Whole Exome Sequencing
When whole genome sequencing proves to be too time consuming or expensive, sequencing the exome (coding regions) is a viable alternative option. This technique assumes, of course, that your variants lie within genes (or other coding DNA). Whole exome sequencing has been invaluable in discovering variants behind diseases, phase of development and normal phenotypic variations. However, for epigenetic studies and searches for de-novo variants that might lie outside of coding regions, this technique isn’t helpful.
Chromatin Immuno-precipitation (ChIP) has been the latest screening method of choice; pulling down cross-linked protein-DNA complexes in a chromatin preparation with an antibody directed against a certain histone modification, which can then be analyzed by qPCR or sequencing. This technique has been useful for detecting variants that may not have been caused directly by expressing DNA (i.e., genes), showing the potential roles played by non-coding DNA and epigenetics in the development of variants.
Variant Calling Calls for Good Software
Whatever sample is used, and however this sample is sequenced or isolated, variants still need to be accurately called, or identified. Because the amount of data generated by (certainly) whole genome sequence and even exome-specific sequences is enormous, bioinformatics techniques have been developed to determine true variants and (one hopes) weed out false positives and negatives. For a detailed review of various software available for variant identification and analysis see Pabinger et al. 2013.
Hong, E.P., and Park, J.W. (2012). Sample size and statistical power calculation in genetic association studies. Genomics and Informatics. 10(2): 117-22.
Kumar, S., et al. (2012). SNP discovery through next-generation sequencing and its applications. International Journal of Plant Genomics. 831460.

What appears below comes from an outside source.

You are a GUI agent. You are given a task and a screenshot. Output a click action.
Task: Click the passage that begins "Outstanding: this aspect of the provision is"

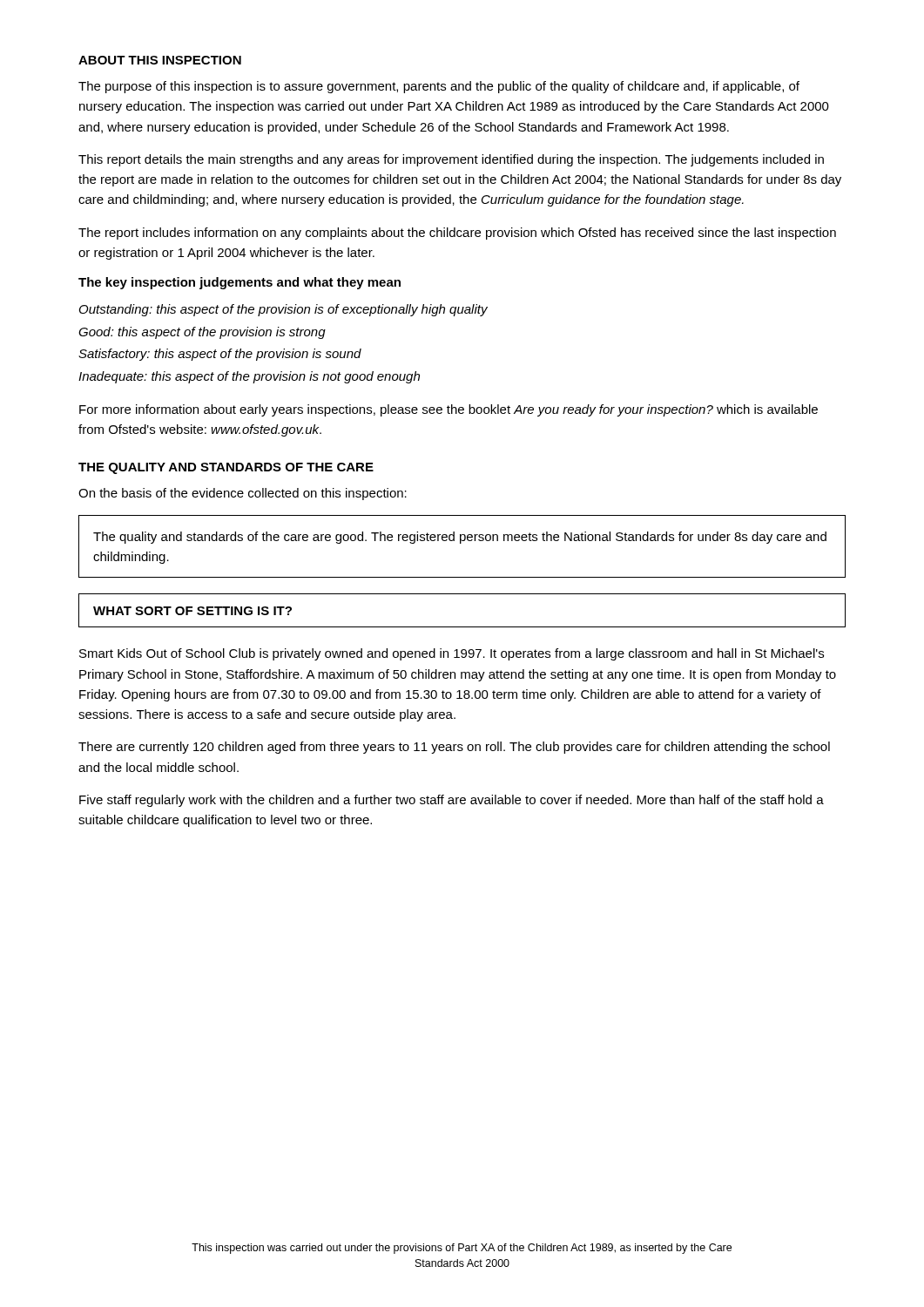coord(283,342)

Mayo Clinic (2015). Mayo Clinic researchers combine common genetic variants and other factors to improve breast cancer risk prediction. Press release.
Mullaney, JM, et al. (2010). Small insertions and deletions (INDELs) in human genomes. Human Molecular Genetics. 19:R131–6.
Pabinger, S., et al. (2013) A survey of tools for variant analysis of next-generation genome sequencing data. Briefings in Bioinformatics. 15:256–27.
Witte, J. (2012) Rare genetic variants and treatment response: sample size and analysis issues. Stat Med 31(25): 3041-50.